Microbial decolorization process which uses several variables (carbon and nitrogen source, dye concentration, inoculum size, pH, and temperature) is considered to be the most important parameters which affect the process (Wong and Yuen 1996; Chen et al. 2003; Nachiyar and Rajkumar 2003; Khehra et al. 2005), and hence it is required to investigate the influencing nature of these variables on the decolorization process.

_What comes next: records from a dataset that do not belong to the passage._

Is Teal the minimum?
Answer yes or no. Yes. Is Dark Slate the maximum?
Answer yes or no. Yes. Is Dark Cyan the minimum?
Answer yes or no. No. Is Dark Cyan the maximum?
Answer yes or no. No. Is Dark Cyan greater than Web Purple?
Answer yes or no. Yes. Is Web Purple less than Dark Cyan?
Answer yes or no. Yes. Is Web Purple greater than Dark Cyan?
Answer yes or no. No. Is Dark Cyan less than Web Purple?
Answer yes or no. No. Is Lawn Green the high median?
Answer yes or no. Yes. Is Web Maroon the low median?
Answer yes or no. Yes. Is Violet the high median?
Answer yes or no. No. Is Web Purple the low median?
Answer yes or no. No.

In line with our studies, decolorization (80 %) of a textile azo dye, Disperse Yellow 211 (DY 211) in simulated aqueous solution by Bacillus subtilis involving Box-Behnken design matrix and found temperature, pH, and initial dye concentration as the most influencing variables (Sharma et al. 2009). Similar report on decolorization of 91.0 % of Direct Black 22, a textile dye, by a novel microbial consortium by RSM (Mohana et al. 2008).

Central Composite Design

Bacterial culture generally exhibits maximum decolorization at a neutral pH value or a slightly alkaline pH value and the rate of color removal tends to decrease rapidly at highly acidic or alkaline pH conditions (Bhatt et al. 2005; Handayani et al. 2007). Bacterial consortium employed in the present study also exhibited a similar better performance at pH 7. Studies reported glucose were utilized during decolorization of dye acid red 27 and reactive red 2 by Enterococcus faecalis under a batch system and concluded that it might be due to the role of glucose as a cosubstrate (Handayani et al. 2007) i.e. the source of electron donors, which are needed for azo bond cleavage (Sponza and Isik 2004; Mendez et al. 2005) and it is also established that glucose acts as an effective electron donors for dye reduction (Tan 2001).

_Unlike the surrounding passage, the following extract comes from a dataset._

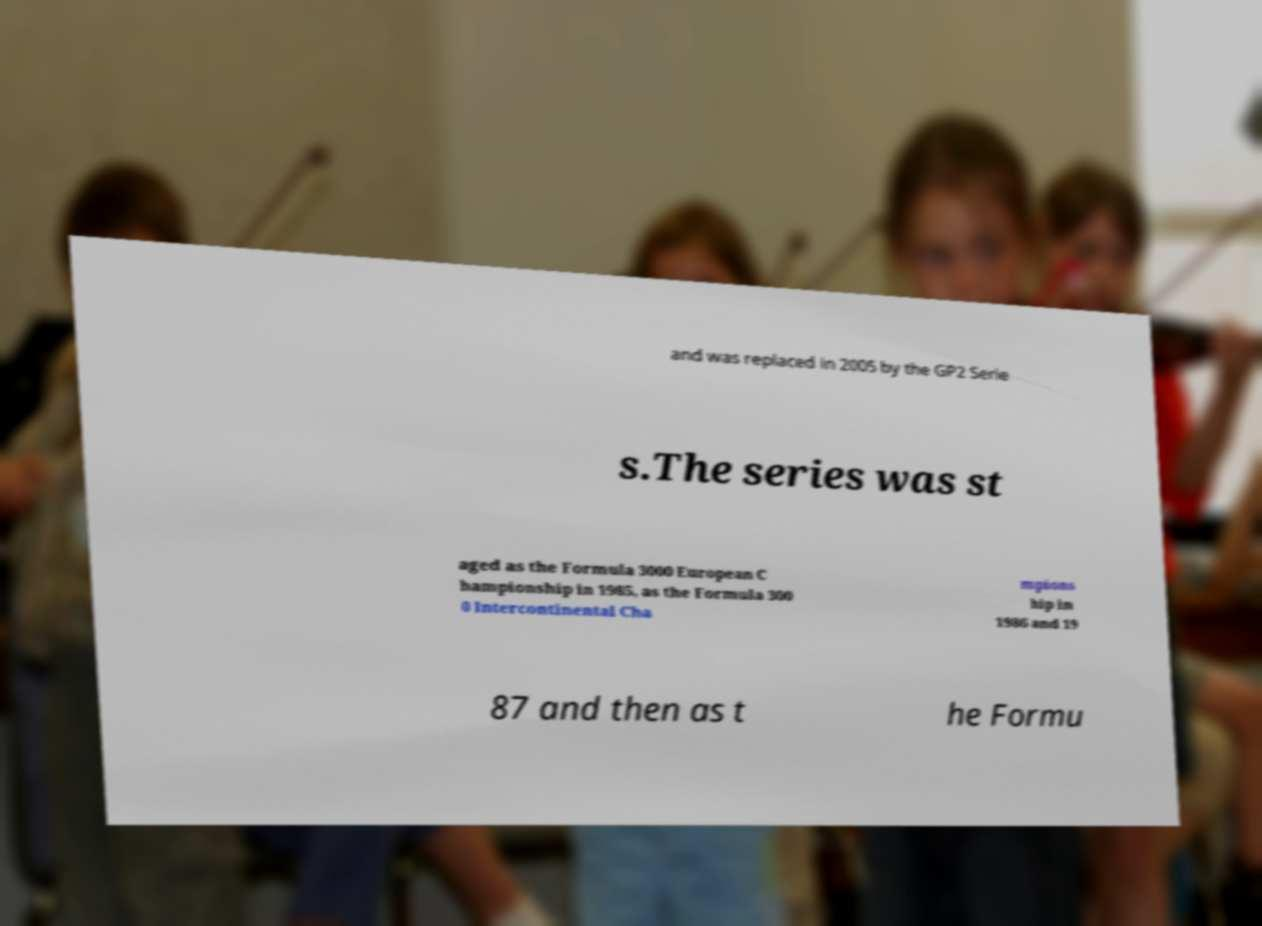Can you read and provide the text displayed in the image?This photo seems to have some interesting text. Can you extract and type it out for me? and was replaced in 2005 by the GP2 Serie s.The series was st aged as the Formula 3000 European C hampionship in 1985, as the Formula 300 0 Intercontinental Cha mpions hip in 1986 and 19 87 and then as t he Formu

Decolorization percentage of the dye decreases with increase in the initial dye concentrations, which might be due to inhibitory effects caused due to toxicity of dye (Korbahti and Rauf 2008). Decolorization and degradation of Navy blue HER by Trichosporon beigelii NCIM-3326 within 24 h of incubation under static condition and concluded that it may be due to enzyme activity by the bacterial consortium got induced under static conditions with maximum decolorization (Saratale et al. 2009).

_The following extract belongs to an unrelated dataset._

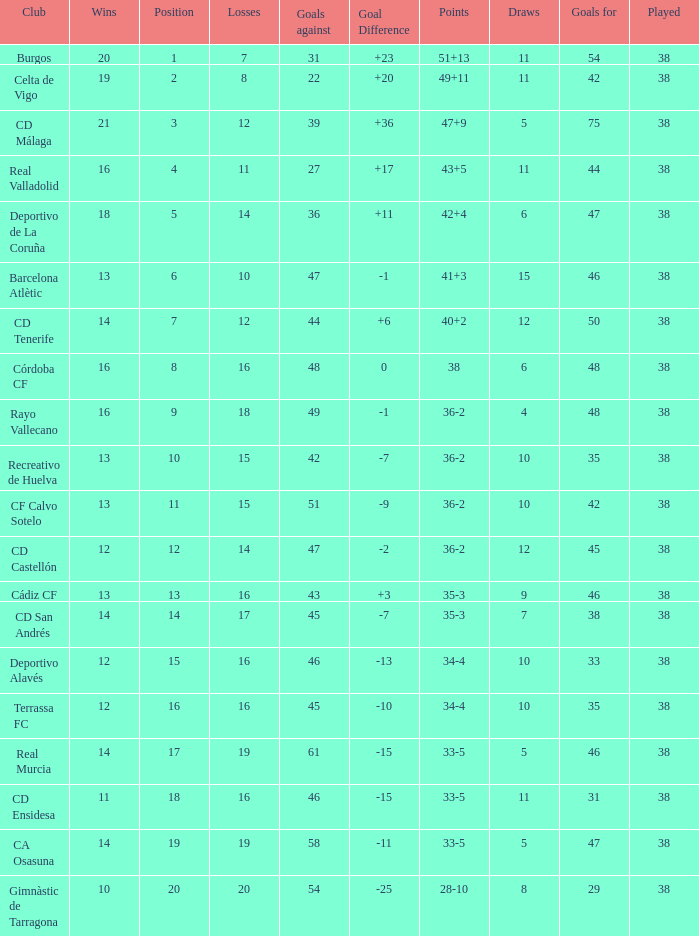What is the average loss with a goal higher than 51 and wins higher than 14? None.

Similarly, R 2 values of 0.993, 0.987 and 0.968 had been derived for decolorization and degradation of Ponceau 2R, malachite green and anthraquinone blue and suggests that the fitted linear plus interactions models could explain 99.3, 98.7, and 96.8 % respectively of the total variation (Levin et al. 2005). In general, the larger magnitude of t and smaller the value of p, more significant is the corresponding coefficient term (Montgomery 1991).

Conclusion

It can be concluded that the present study, that the bacterial consortium obtained from termites possess higher color removal efficiency and interestingly the experimental values were very much concurrent with the predicted values, which reflected the suitability of RSM. By applying these statistical methods for optimization of experiments, we could observe the process variables completely achieving decolorization values up to 97.23 %. From this study, the bacterial consortium has the ability to decolorize dyes which indicates its potential application for decolorizing textile dyeing effluents which are reactive in nature, it was strong evidence. Further it is planned to design a bioreactor for treating similar dyes in large-scale system with the aid of this novel consortia and application of this design as well for future large-scale applications. To our knowledge, decolorization of reactive red 195 by termite associated bacterial consortium is reported for the first time.